It’s like Guy de Maupassant, who often ate at the Eiffel tower’s restaurant because it was the only place in Paris where you didn’t have to look at it.
:-) That’s funny.
But some day you have to leave the plane again, and when you come back and open the hangar door …
LeSving wrote:
Why would you rather have a Lycoming?
First of all, I don’t think you find more durable and proven aircraft engines in abusive aero club scenarios than the O360. It’s as idiot-proof as it gets and I personally don’t know any engine that reached TBO that easy in such numbers. I will be able to learn from contradicting data, though.
Secondly, it’s a bit lighter and a bit cheaper to maintain (both in parts as in work hours, if you need to have it serviced. Time to do a leak test, change spark plugs, etc. is dependend on the amount of cylinders). Granted, it might be a minuscule argument.

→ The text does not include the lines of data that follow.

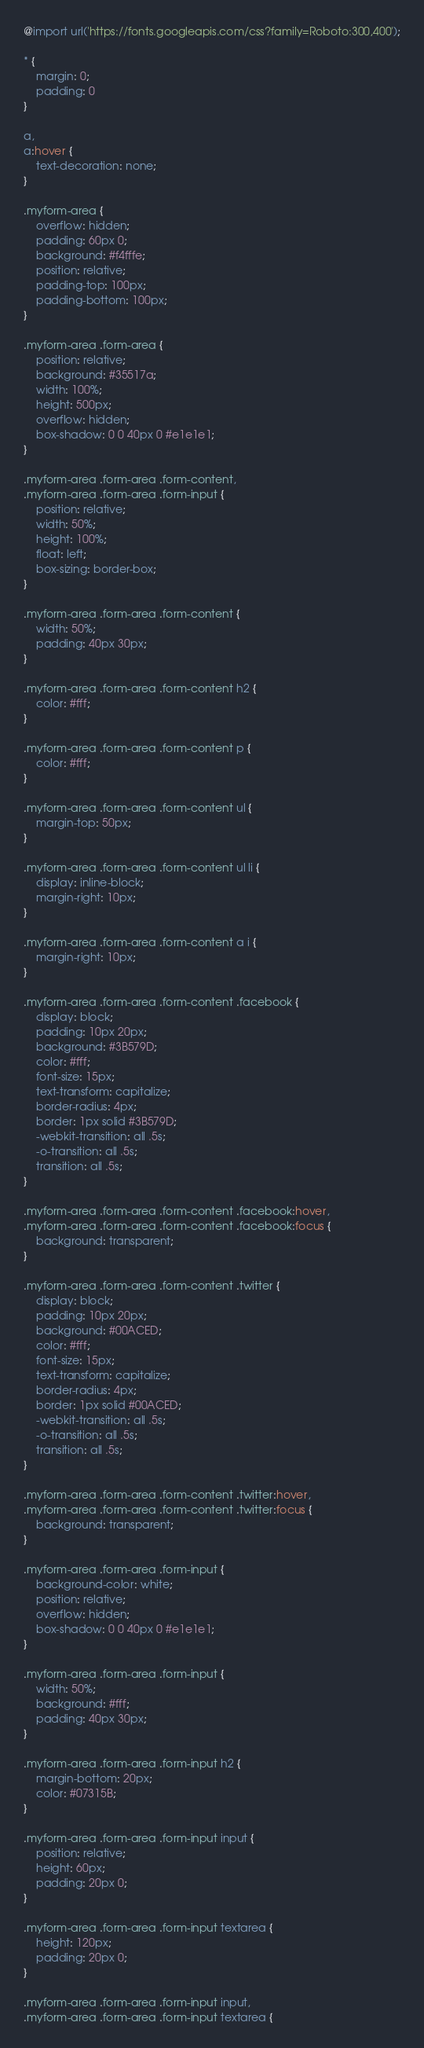<code> <loc_0><loc_0><loc_500><loc_500><_CSS_>@import url('https://fonts.googleapis.com/css?family=Roboto:300,400');

* {
    margin: 0;
    padding: 0
}

a,
a:hover {
    text-decoration: none;
}

.myform-area {
    overflow: hidden;
    padding: 60px 0;
    background: #f4fffe;
    position: relative;
    padding-top: 100px;
    padding-bottom: 100px;
}

.myform-area .form-area {
    position: relative;
    background: #35517a;
    width: 100%;
    height: 500px;
    overflow: hidden;
    box-shadow: 0 0 40px 0 #e1e1e1;
}

.myform-area .form-area .form-content,
.myform-area .form-area .form-input {
    position: relative;
    width: 50%;
    height: 100%;
    float: left;
    box-sizing: border-box;
}

.myform-area .form-area .form-content {
    width: 50%;
    padding: 40px 30px;
}

.myform-area .form-area .form-content h2 {
    color: #fff;
}

.myform-area .form-area .form-content p {
    color: #fff;
}

.myform-area .form-area .form-content ul {
    margin-top: 50px;
}

.myform-area .form-area .form-content ul li {
    display: inline-block;
    margin-right: 10px;
}

.myform-area .form-area .form-content a i {
    margin-right: 10px;
}

.myform-area .form-area .form-content .facebook {
    display: block;
    padding: 10px 20px;
    background: #3B579D;
    color: #fff;
    font-size: 15px;
    text-transform: capitalize;
    border-radius: 4px;
    border: 1px solid #3B579D;
    -webkit-transition: all .5s;
    -o-transition: all .5s;
    transition: all .5s;
}

.myform-area .form-area .form-content .facebook:hover,
.myform-area .form-area .form-content .facebook:focus {
    background: transparent;
}

.myform-area .form-area .form-content .twitter {
    display: block;
    padding: 10px 20px;
    background: #00ACED;
    color: #fff;
    font-size: 15px;
    text-transform: capitalize;
    border-radius: 4px;
    border: 1px solid #00ACED;
    -webkit-transition: all .5s;
    -o-transition: all .5s;
    transition: all .5s;
}

.myform-area .form-area .form-content .twitter:hover,
.myform-area .form-area .form-content .twitter:focus {
    background: transparent;
}

.myform-area .form-area .form-input {
    background-color: white;
    position: relative;
    overflow: hidden;
    box-shadow: 0 0 40px 0 #e1e1e1;
}

.myform-area .form-area .form-input {
    width: 50%;
    background: #fff;
    padding: 40px 30px;
}

.myform-area .form-area .form-input h2 {
    margin-bottom: 20px;
    color: #07315B;
}

.myform-area .form-area .form-input input {
    position: relative;
    height: 60px;
    padding: 20px 0;
}

.myform-area .form-area .form-input textarea {
    height: 120px;
    padding: 20px 0;
}

.myform-area .form-area .form-input input,
.myform-area .form-area .form-input textarea {</code> 
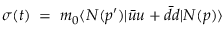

My strongest objection was to install an engine and plan to use it in off-design operating points. Before answering, I wanted to verify that point, though. Unfortunately, I haven’t found any performance charts of the Conti IO360AF. But here is what I have found based on uninstalled power out of the engine manuals.
The uninstalled power is aimed to be at 180 hp. This would translate in reduced power settings of 153 hp for 85%, 135 hp for 75%, 117 hp for 65%, and 99 hp for 55%. Based on what I have read here, this would be the operating points of many pilots. (I personally operate usually at the higher power outputs, except I needed the range desperately, but that’s a different topic). Based on the 210 (190) hp of the Conti IO360B (Conti IO360A) this would result in 86% (95%) for full 180 hp, 73% (81%) for 153 hp, 64% (71%) for 135 hp, 56% (61%) for 117 hp and a mere 47% (52%) for the 99 hp in the original 55% demand.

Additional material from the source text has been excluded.